Package: openmpi
Version: 1.3.3-2
Severity: important
Tags: patch
User: [email protected]
Usertags: hurd
Hi,
currently openmpi does not build on GNU/Hurd for various small reasons, like
unconditional usage of PATH_MAX, MAXPATHLEN, and MAXHOSTNAMELEN, usage of
sigaction::sa_sigaction, and a wrong header check for recognizing Darwin.
The attached patch hopefully fixes all the issues:
- missing SA_SIGINFO, so a sa_handler is used; show_stackframe_handler() calls
show_stackframe() with NULL parameters as that handler checks for non-NULL
siginfo_t* and context* already
- some fixed-size char[] for getcwd() to get_current_dir_name() + free()

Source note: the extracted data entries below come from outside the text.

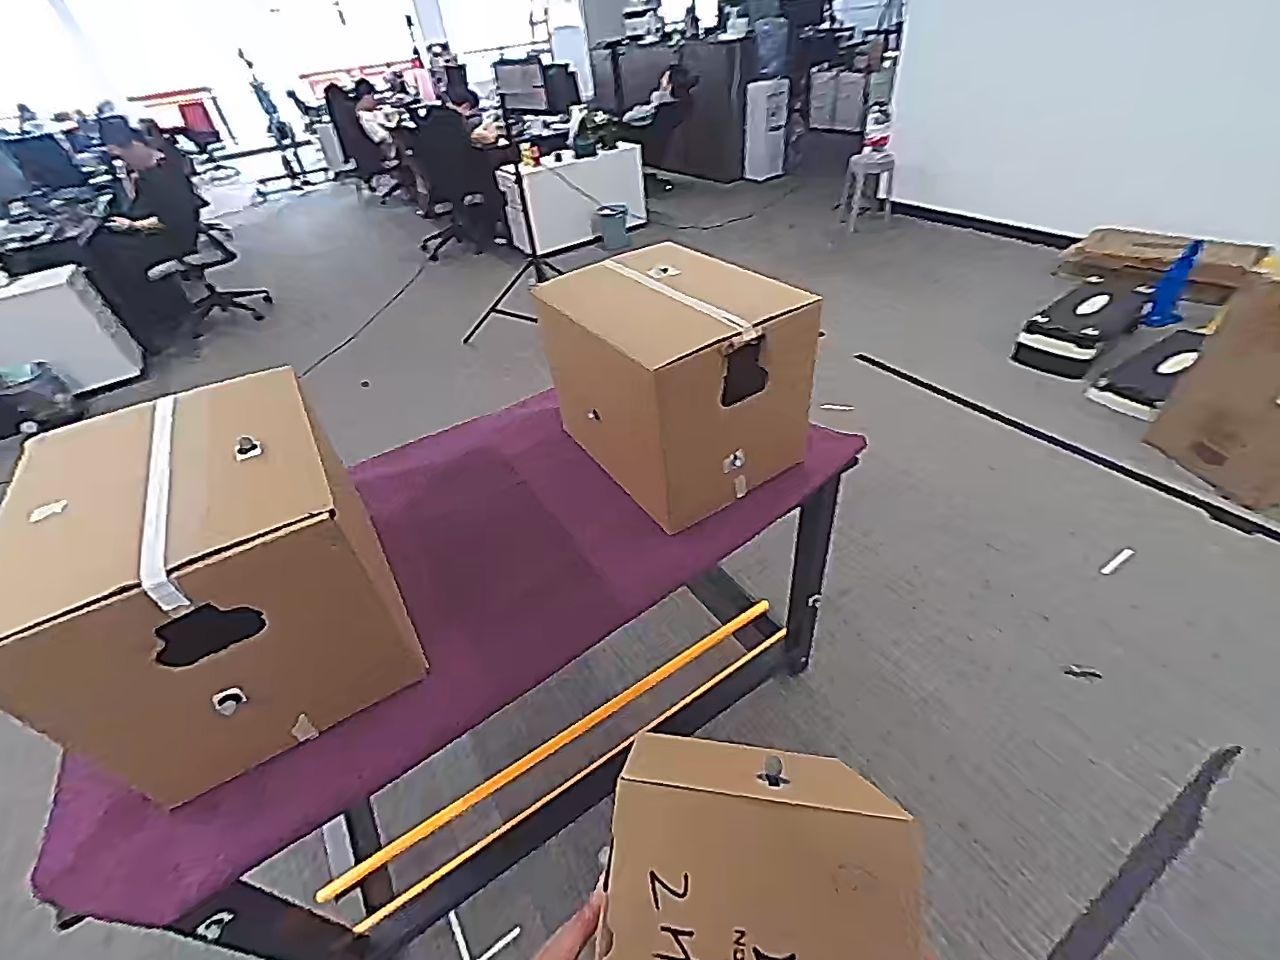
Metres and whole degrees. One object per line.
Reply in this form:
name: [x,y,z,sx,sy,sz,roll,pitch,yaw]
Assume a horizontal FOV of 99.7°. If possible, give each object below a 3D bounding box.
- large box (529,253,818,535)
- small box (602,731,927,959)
large box: [0.055,-0.175,0.977,0.320,0.320,0.408,-27,43,-21]
small box: [0.072,0.282,0.371,0.179,0.176,0.168,5,74,6]
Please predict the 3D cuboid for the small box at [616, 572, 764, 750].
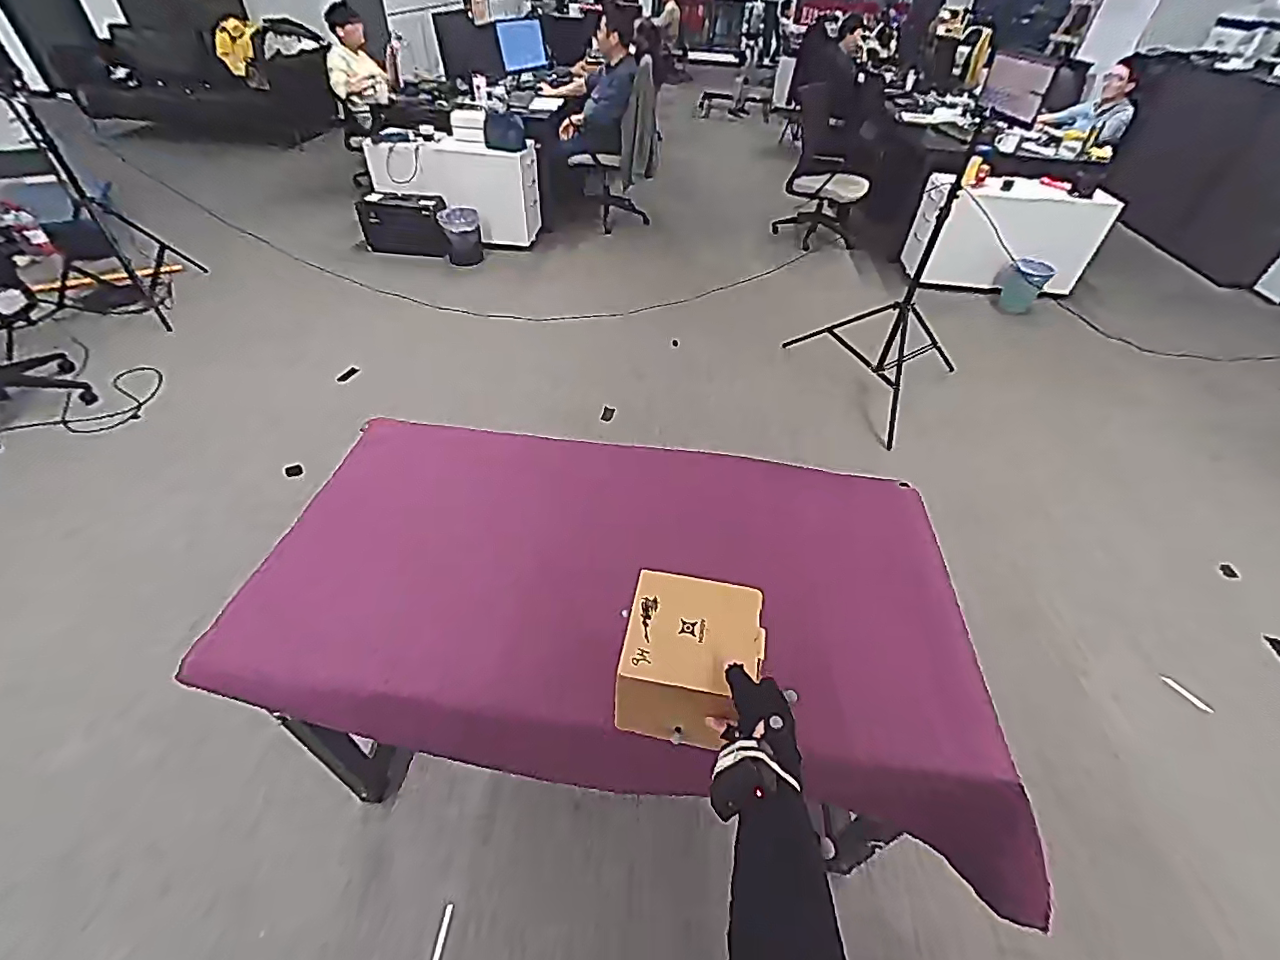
[{"bbox_3d":[0.069,0.259,0.767,0.179,0.176,0.168,10,43,6],"label":"small box"}]

- some fixed-size char[] for gethostname() to a dynamic realloc() loop
- one gethostname() call commented out, as it seems unused...
- look for mach-o/arch.h instead of mach/mach_host.h to determine whether it is
compiling on Darwin
- one malloc() + free() instead of a fixed-size char[PATH_MAX]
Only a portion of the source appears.